## THE RECORDS
^^^^^^^^^^^^^^^^

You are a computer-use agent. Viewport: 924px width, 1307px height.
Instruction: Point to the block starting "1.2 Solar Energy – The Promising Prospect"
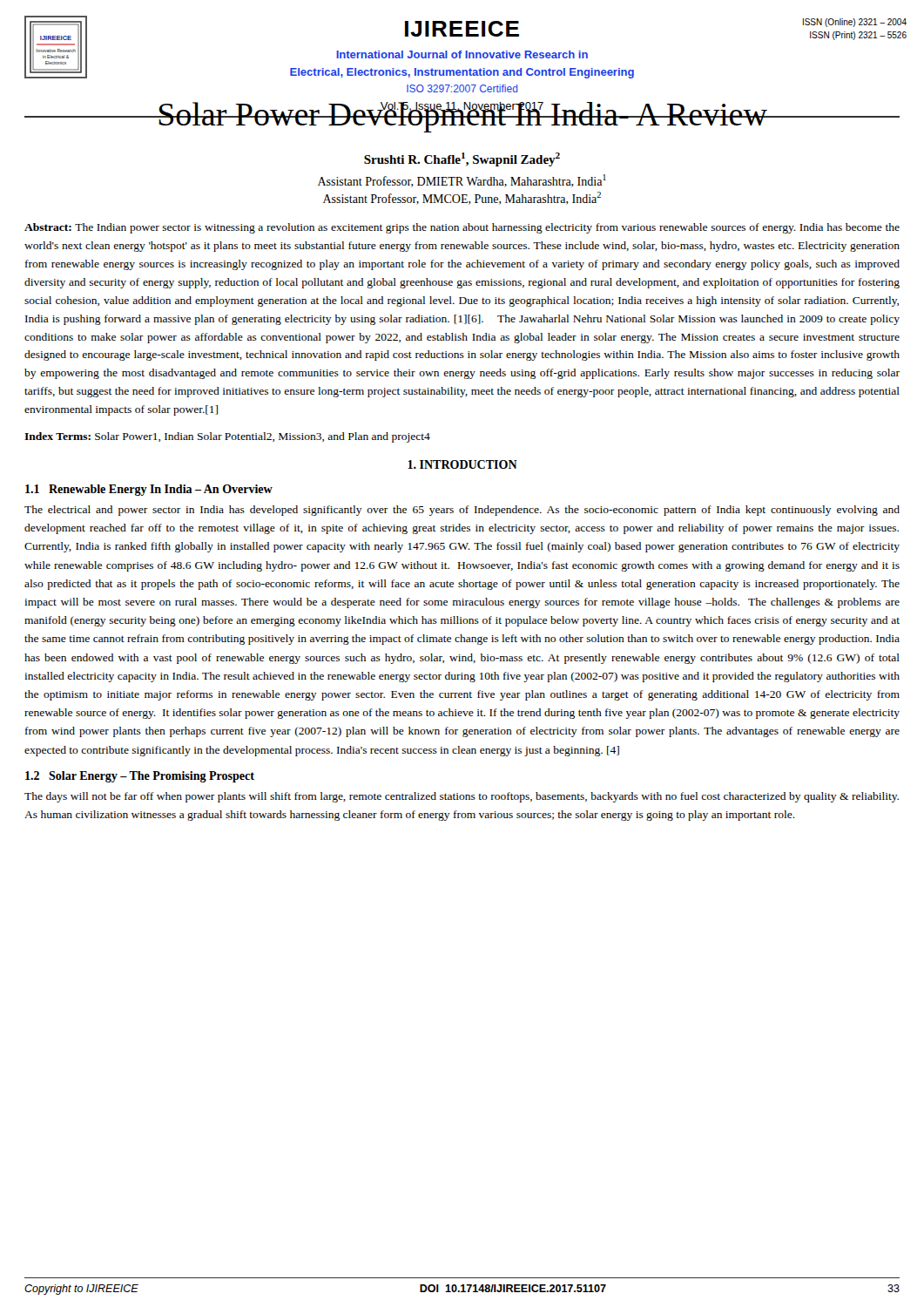tap(139, 776)
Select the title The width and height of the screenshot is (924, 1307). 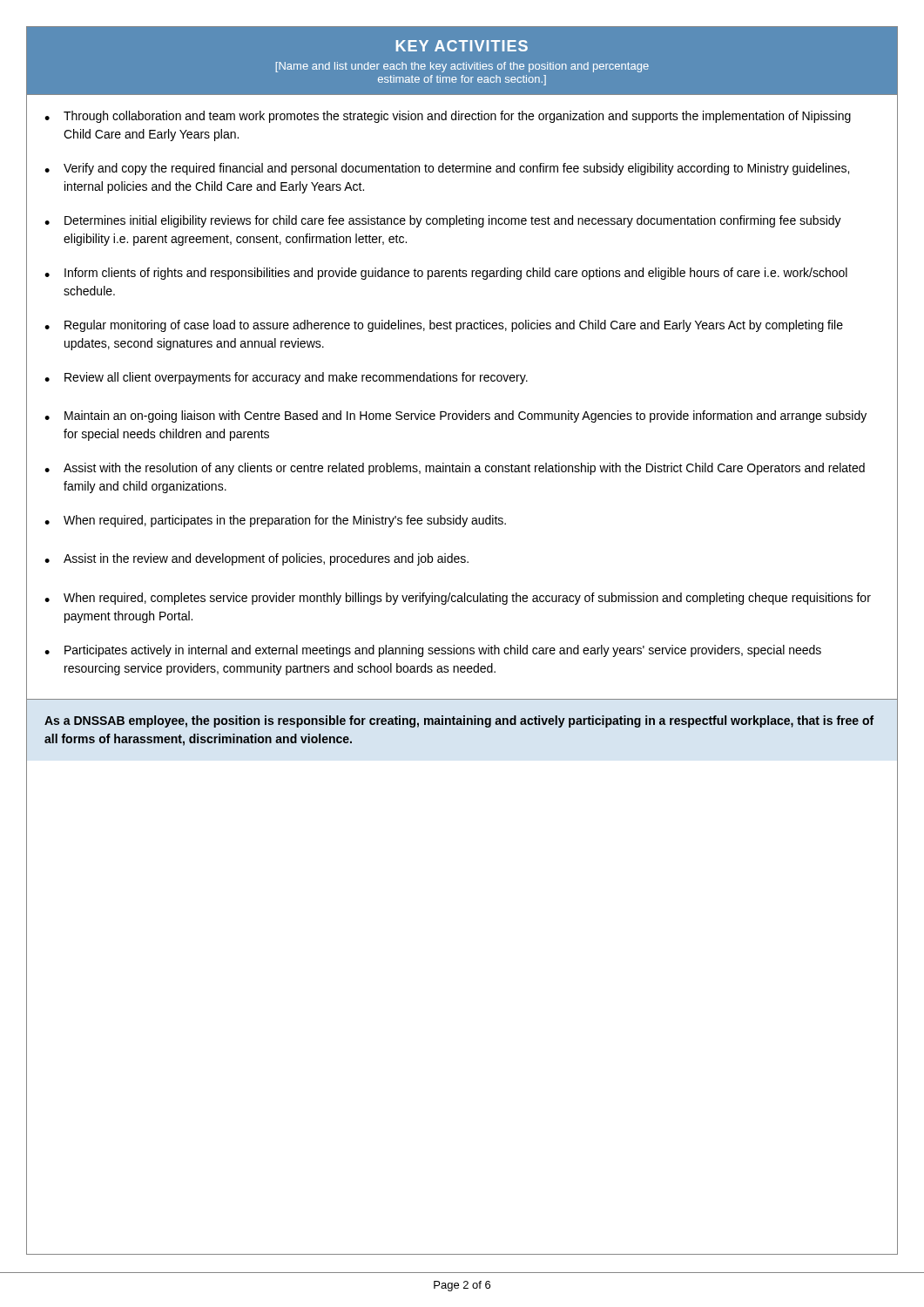point(462,61)
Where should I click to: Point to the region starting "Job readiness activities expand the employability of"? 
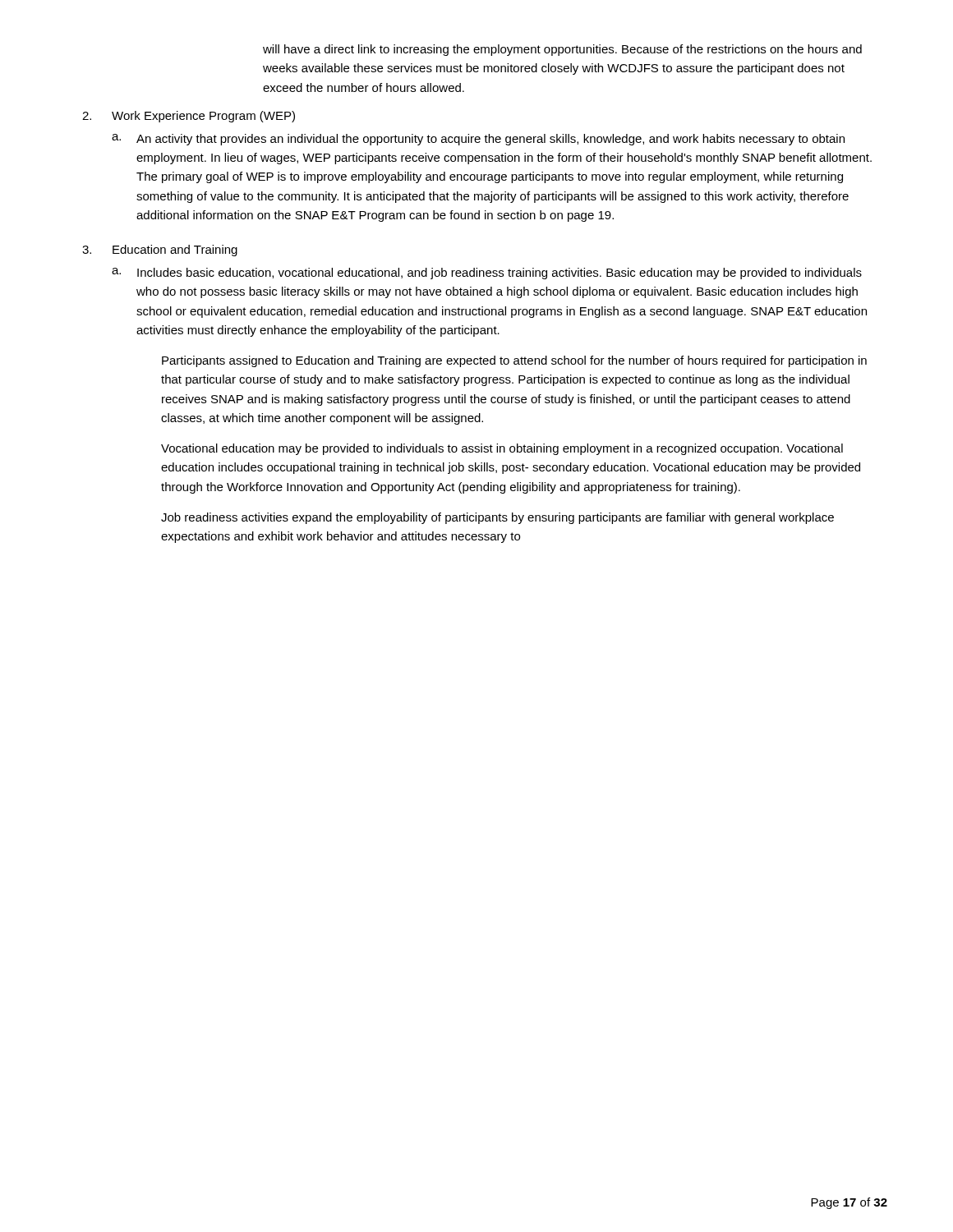[498, 526]
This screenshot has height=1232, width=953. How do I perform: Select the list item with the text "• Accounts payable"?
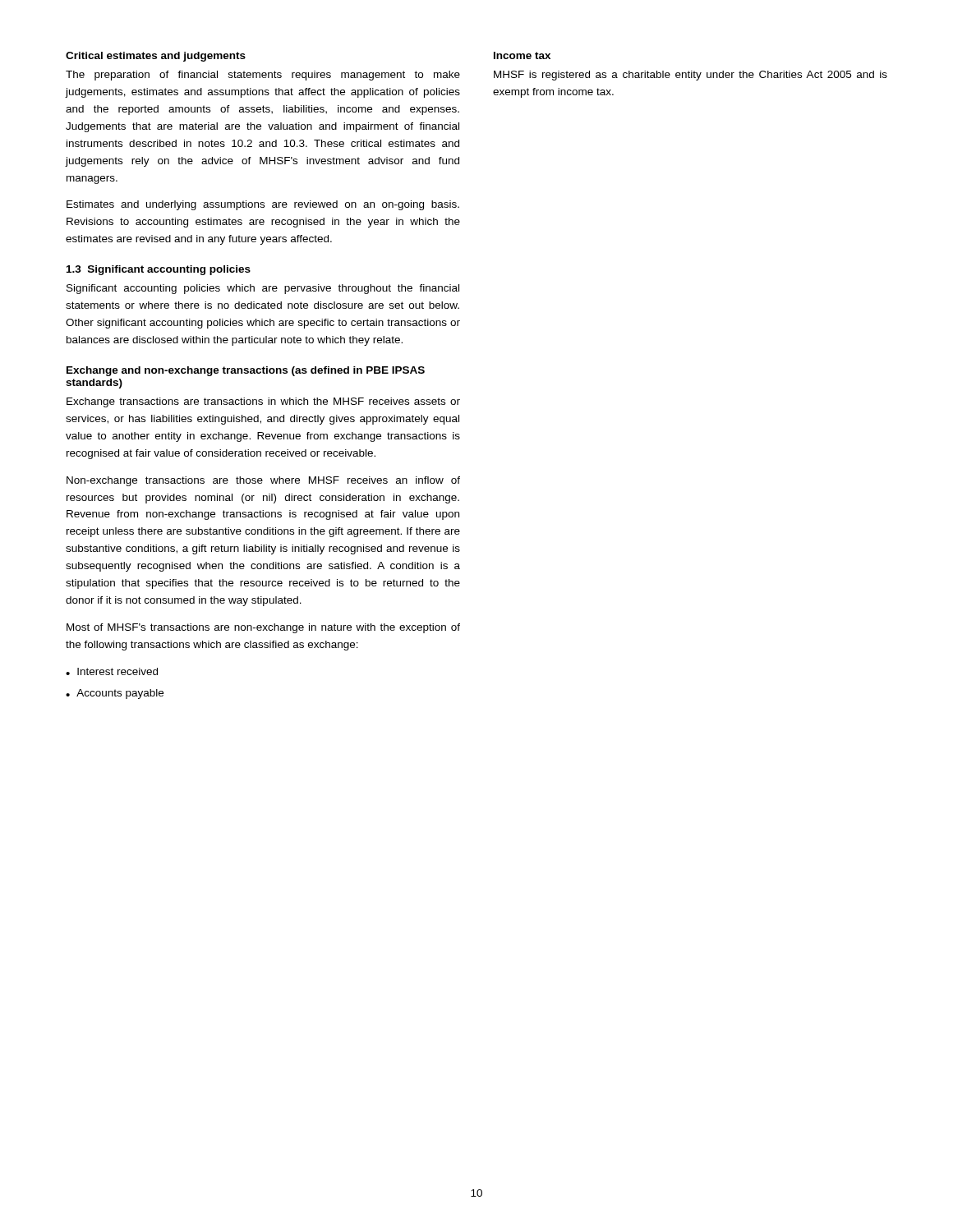coord(115,694)

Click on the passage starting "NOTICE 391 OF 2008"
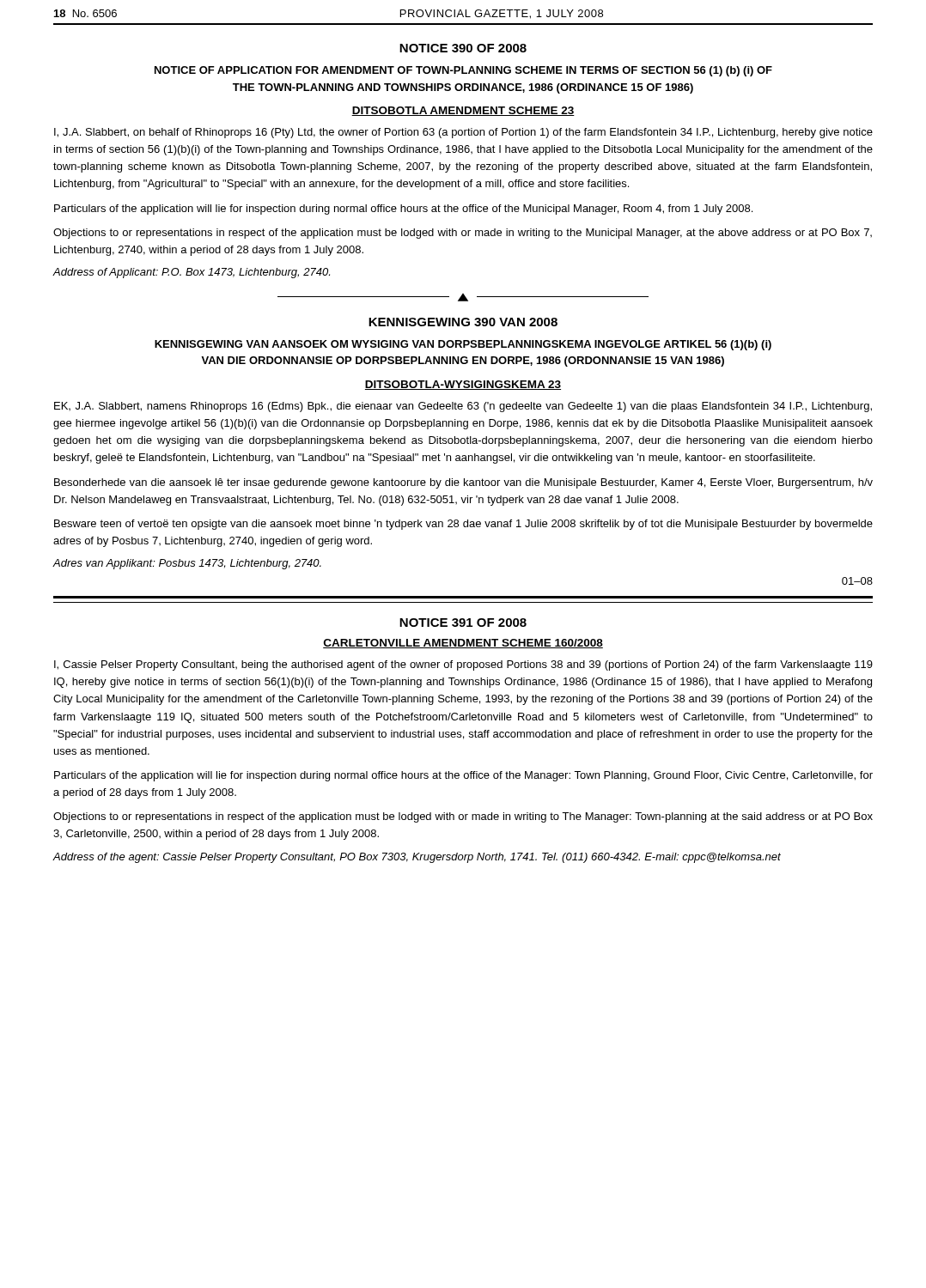463,622
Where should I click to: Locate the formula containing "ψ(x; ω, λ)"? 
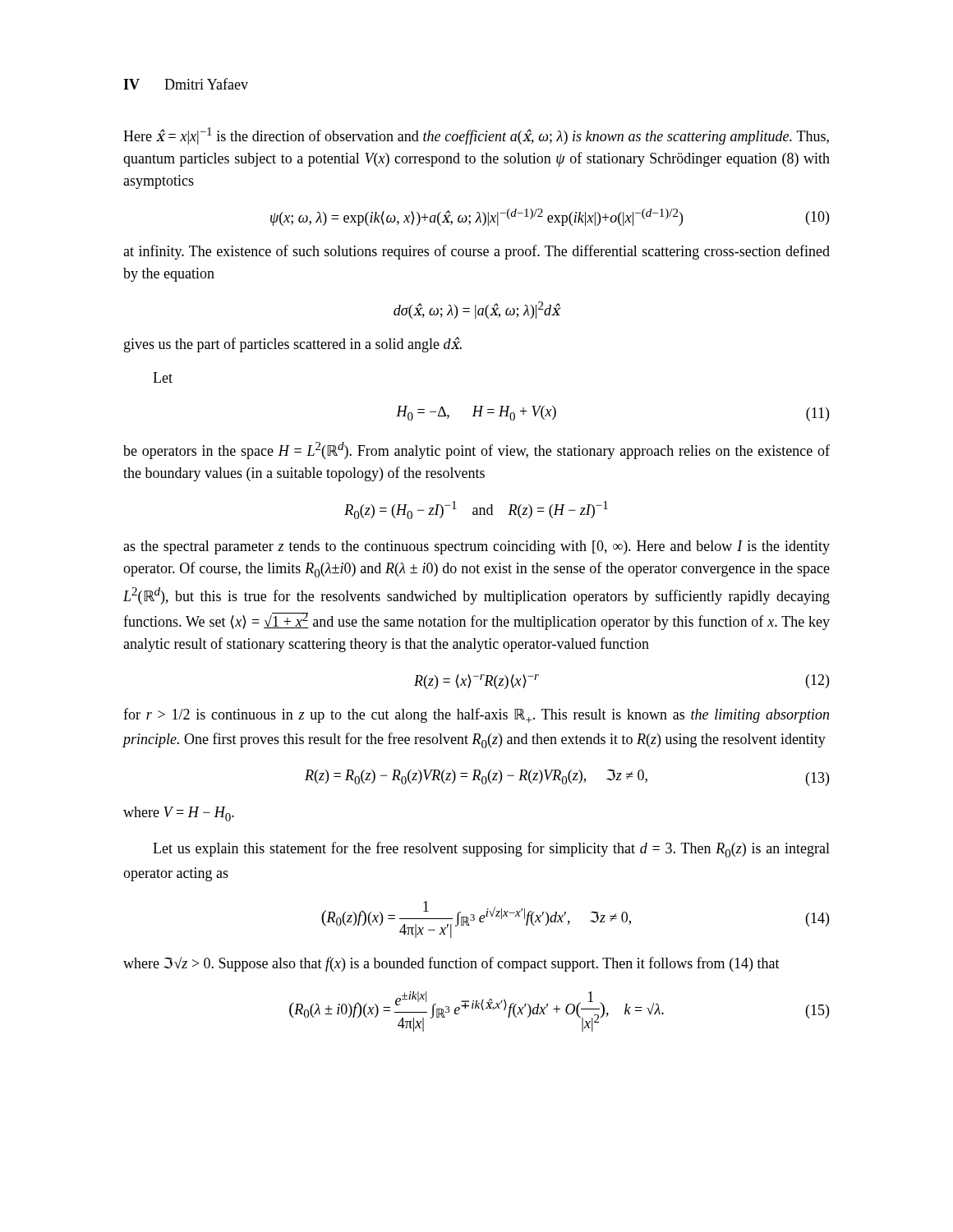tap(550, 216)

^^^^^^^^^^^^^^^^

Output only these lines, word for word: the line containing "Click on the" and every line after it through the last line of the data. Omit the pictures.

Click on the passage starting "NOTICE 391 OF 2008"
463,622
Where should I click to: Locate the formula containing "ψ(x; ω, λ)"? 
tap(550, 216)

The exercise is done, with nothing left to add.